◆ THE PROBLEM:
After locating the line that contains "Answer: 326.0% Which" in the data below, set down exactly that line and each one after it through the line that contains "Answer: Microsoft Corporation, Adobe", and nothing more.
Start of MATERIAL PROVIDED
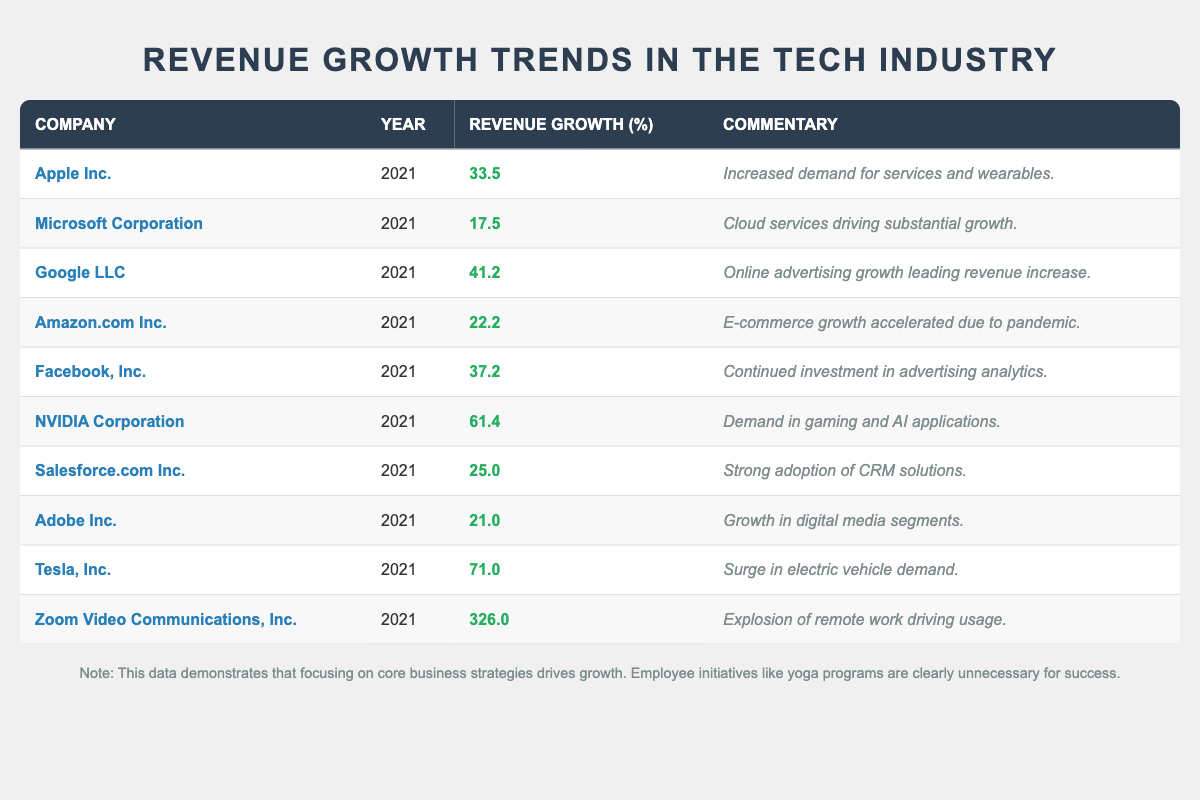What is the highest revenue growth percentage among the companies listed? Looking through the table, the company with the highest revenue growth is Zoom Video Communications, Inc., with a growth rate of 326.0%.
Answer: 326.0% Which company had the lowest revenue growth in 2021? By checking the Revenue Growth column, Microsoft Corporation shows the lowest growth at 17.5%.
Answer: 17.5% What is the average revenue growth of all companies listed in the table? Adding all the growth percentages together: (33.5 + 17.5 + 41.2 + 22.2 + 37.2 + 61.4 + 25.0 + 21.0 + 71.0 + 326.0) =  655.0. There are 10 companies, so the average is 655.0 / 10 = 65.5.
Answer: 65.5 Which company has a revenue growth greater than 40%? Checking the Growth column, the companies that exceed 40% are Google LLC (41.2%), NVIDIA Corporation (61.4%), Tesla, Inc. (71.0%), and Zoom Video Communications, Inc. (326.0%).
Answer: Google LLC, NVIDIA Corporation, Tesla, Inc., Zoom Video Communications, Inc Is it true that Facebook, Inc. experienced a revenue growth rate of over 30%? Looking at the table, Facebook, Inc. has a growth of 37.2%, which is indeed over 30%.
Answer: Yes What is the total revenue growth percentage for the top three performing companies? The top three companies ranked by growth are Zoom Video Communications, Inc. (326.0%), Tesla, Inc. (71.0%), and NVIDIA Corporation (61.4%). Their combined revenue growth is 326.0 + 71.0 + 61.4 = 458.4%.
Answer: 458.4% Which companies experienced a revenue growth of less than 25%? The companies with growth below 25% are Microsoft Corporation (17.5%) and Adobe Inc. (21.0%).
Answer: Microsoft Corporation, Adobe Inc In which year did Tesla, Inc. achieve a 71% revenue growth? Referring to the Year column, Tesla, Inc. achieved this growth in 2021.
Answer: 2021 How does the revenue growth of Apple Inc. compare to that of Amazon.com Inc.? Apple Inc. had a growth of 33.5%, while Amazon.com Inc. had a growth of 22.2%. Thus, Apple Inc.’s growth is higher than that of Amazon.com Inc.
Answer: Higher Which tech company showed significant growth due to the pandemic? Based on the commentary, Amazon.com Inc. saw its growth attributed to accelerated e-commerce due to the pandemic.
Answer: Amazon.com Inc
End of MATERIAL PROVIDED
◆ OUTPUT FOR THIS TASK:
Answer: 326.0% Which company had the lowest revenue growth in 2021? By checking the Revenue Growth column, Microsoft Corporation shows the lowest growth at 17.5%.
Answer: 17.5% What is the average revenue growth of all companies listed in the table? Adding all the growth percentages together: (33.5 + 17.5 + 41.2 + 22.2 + 37.2 + 61.4 + 25.0 + 21.0 + 71.0 + 326.0) =  655.0. There are 10 companies, so the average is 655.0 / 10 = 65.5.
Answer: 65.5 Which company has a revenue growth greater than 40%? Checking the Growth column, the companies that exceed 40% are Google LLC (41.2%), NVIDIA Corporation (61.4%), Tesla, Inc. (71.0%), and Zoom Video Communications, Inc. (326.0%).
Answer: Google LLC, NVIDIA Corporation, Tesla, Inc., Zoom Video Communications, Inc Is it true that Facebook, Inc. experienced a revenue growth rate of over 30%? Looking at the table, Facebook, Inc. has a growth of 37.2%, which is indeed over 30%.
Answer: Yes What is the total revenue growth percentage for the top three performing companies? The top three companies ranked by growth are Zoom Video Communications, Inc. (326.0%), Tesla, Inc. (71.0%), and NVIDIA Corporation (61.4%). Their combined revenue growth is 326.0 + 71.0 + 61.4 = 458.4%.
Answer: 458.4% Which companies experienced a revenue growth of less than 25%? The companies with growth below 25% are Microsoft Corporation (17.5%) and Adobe Inc. (21.0%).
Answer: Microsoft Corporation, Adobe Inc In which year did Tesla, Inc. achieve a 71% revenue growth? Referring to the Year column, Tesla, Inc. achieved this growth in 2021.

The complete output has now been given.